I disagree there. For example, when there's a "public benefit" project, your city / county / state doesn't knock down the mini-mansions in the rich part of town, they knock down homes and apartments in the lower-income areas. A big part of government spending goes into activities that stimulate selected business organizations, which are rarely owned by lower-income people or minorities. Even things like the Affordable Care Act wind up lining the pockets of big insurance companies and leaving lower-income people paying for care out-of-pocket because of insurance denials.
More references are at the bottom of the article. I think I'm going to try to read more about this topic.
> In his press conference after that decision on Wednesday, Powell returned to the theme. Right now, he said, wages are growing “well above what would be consistent with 2% inflation.”
> The pivotal question for Fed officials is whether the climb in US pay over the past 18 months or so is a one-time bump — as companies adjust to scarce labor supply, and a realization that their workforce was under-compensated — or a pernicious feedback loop in which prices and wages drive each other up.

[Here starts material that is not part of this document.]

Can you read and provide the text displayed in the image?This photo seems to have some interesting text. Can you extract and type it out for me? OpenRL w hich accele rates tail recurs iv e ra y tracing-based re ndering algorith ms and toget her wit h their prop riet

He still doesn't seem to understand how shortages of products caused by offshoring and just-in-time inventories (e.g., management-by-fad) and the housing price spiral are huge parts of recent price inflation ... or how wages rose less than prices for decades and are only recently starting to respond. He has spent all of this year talking about how employees need to be punished. His goal appears to be that people will be willing accept a minimum wage job at Gree-C Burger and living in pup tents underneath nearby bridges.
Nor do he or Janet Yellen accept responsibility for their roles in rapidly expanding the money supply, providing the underlying inflation that allows the price inflation to proceed.

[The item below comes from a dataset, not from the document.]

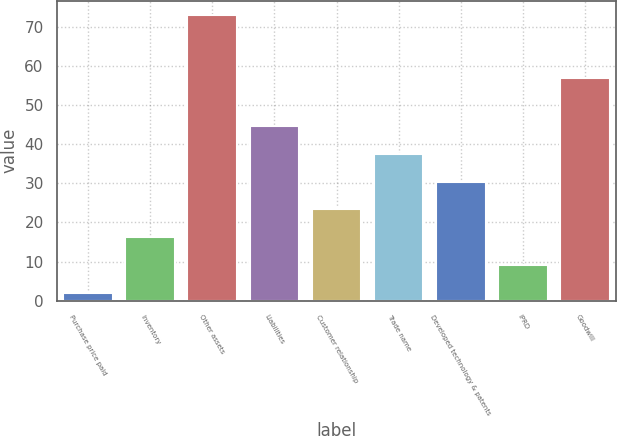Convert chart to OTSL. <chart><loc_0><loc_0><loc_500><loc_500><bar_chart><fcel>Purchase price paid<fcel>Inventory<fcel>Other assets<fcel>Liabilities<fcel>Customer relationship<fcel>Trade name<fcel>Developed technology & patents<fcel>IPRD<fcel>Goodwill<nl><fcel>2<fcel>16.2<fcel>73<fcel>44.6<fcel>23.3<fcel>37.5<fcel>30.4<fcel>9.1<fcel>57<nl></chart>

For these and other reasons, Mr Powell needs to be removed from office before he can hurt Americans even more than he already has.
#Kraken, the 3rd-largest #cryptocurrency exchange, lays off 30% of its workforce, returning to the size it was late last year. Employees will receive 16 weeks of severance pay and benefits vesting will be extended. (Much better than what the Lane furniture company did.)
This could be more fallout from the failure of SBF's #FTX and associated companies, or it could be cyclical economic factors ... as cryptocurrency prices seem to rise and fall with the general economy.
In a discussion about #CBDCs (Central Bank Digital Currencies), I popped in, posted this description, and then got back out.
--- governmentally issued electronic money that only has value if it meets the following: 1. It must be spent BY the designated person or persons. 2. It must be spent ON allowed or specified products and services. 3. It must be spent BEFORE a specific date and time. 4. It MAY have other limitations, such as geographic restrictions or only spendable at certain vendors. ---
I note that a CBDC has little or nothing to do with #blockchain (at least the interesting parts around distributed consensus and distributed governance) . Electronic currencies probably date back to some of the first online multiplayer games, if not to credit card processing, so much of that has been explored for decades.
I have seen headlines about Congress pushing the Federal Reserve and Treasury to test a CBDC soon, with an eye toward having a viable "digital dollar" before other major economies can use their own CBDCs to upend and replace the dollar.
While we cannot yet know whether a CBDC will happen or what form it will take, what is certain is that the growth of #cryptocurrencies is inspiring this global trend of investigation the creation of national CBDCs.